2. You can find work in countries all around the world with your degree, so really think big about your options.
3. You currently make a GREAT income. You could really take advantage of that. What if you really lived conservative for 1-2 years and could save up $30,000+? you could transition that into self employment or just take a 2 year vacation around the world.
You have tons of options so make BIG goals to go after.
@Cilindric, I had the following take-aways from what you wrote:
1) It sounds like you're not being sufficiently intellectually stimulated with your current job / tasks at job. BUT, it sounds like that may have been alleviated by talking to your boss with the new assignment coming up.
2) More crucially, you're not happy with where you are living: the area near your work is too techy / sausage-fest. There's a big city 90 minute drive away: too far away to go to every day. But it sounds do-able on weekends.
Regarding self-employment + programming: have you looked into cryptocurrency trading / development? I've dabbled in building trading bots and it's been fun (only tantalizingly lucrative so far).
Thanks for the videos, especially the second was very interesting.
I try to answer your first question. Maybe you happened to read parts of my log in the members-only section. I was on a four months unpaid vacation in Slovakia this spring (“sabbatical”), with the endorsement of my boss.
My daily routine there was in the main: 3h gym, 3h language learning, go on dates/do activities with friends/cold-approach (weekend: nightlife), rest of the day: write on my blog or reading books.
Because I've always sucked with girls, I wanted to fix that issue immediately (and indeed I got laid with a girl 12 years younger than me from social circle, and eventually I came home with a new girlfriend – never in a million years I would have found such a girl in Germany).
Now, if I had the whole day at my disposal for one year at a stretch (and money would be not an issue, currently it is not), I would travel through Eastern Europe and absorb as much of the culture as I can (my mother’s ancestors are from Poland and Ukraine). Probably that would make me happy.

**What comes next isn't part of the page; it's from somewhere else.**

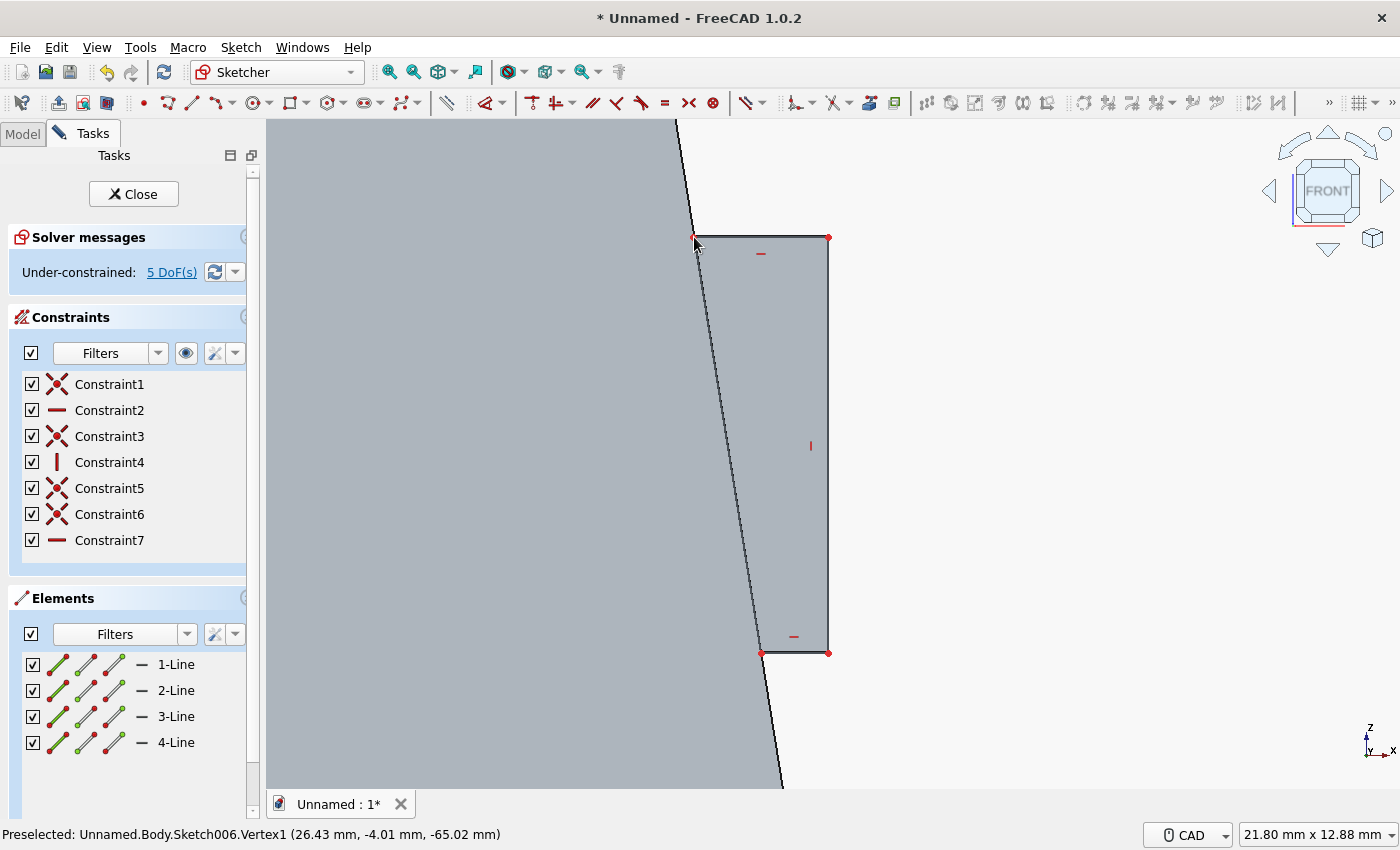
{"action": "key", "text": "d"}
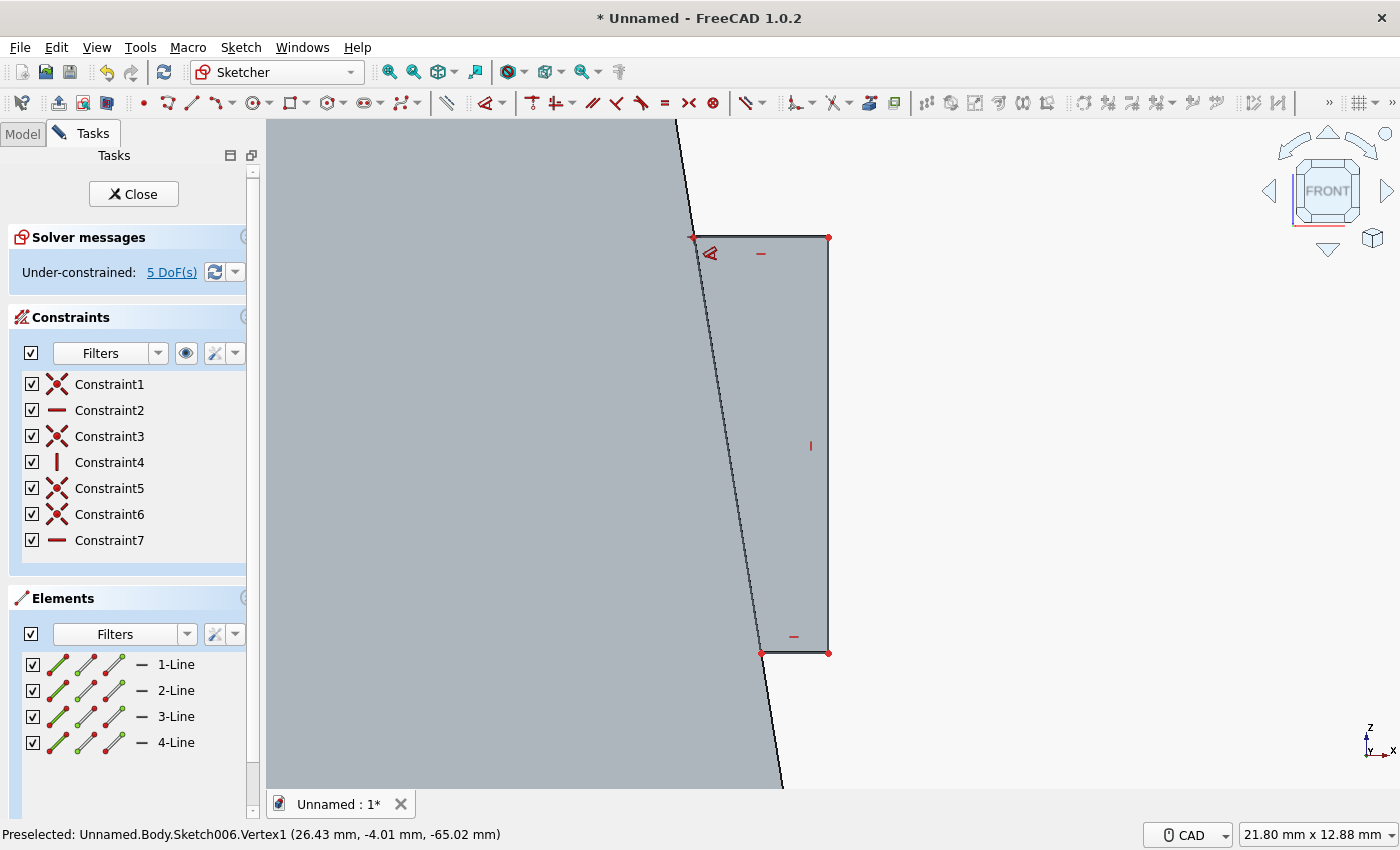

Yes, it is possible to work from home at least one day a week, though they basically don’t want you to work from home too often (argument is: the pay high rents for the buildings so you have to be present there; they also want you to socialize with your co-workers). Meetings and supervising sub-contractors/suppliers also demand your presence most of the time.
I sold my car last year. Sold a lot of useless stuff on amazon marketplace etc. also. Own not very much presently. My savings are some 50.000€ or slightly more right now. I travelled a lot the last two years, and spent much (that is the reason they aren’t higher).
Admittedly, “intellectual stimulation” is a somehow double-edged sword for me. There are indeed days when I am glad about the fact that my job is not too demanding. Easy-earned money, in other words.
In the long run it is of course not satisfying when you are just another paper-pusher who pretends to make an important job (anecdote: when I have too much time on my hands I program little language learning tools in VBA. So when a superior happens to look over my shoulder it always looks like I’m a hard-working employee though what I am actually doing has nothing to do with my actual tasks).
I never heard about cryptocurrency trading, but it sounds interesting. I will try to gather mor informations about it.
If you're the smartest person in the room, you're in the wrong room.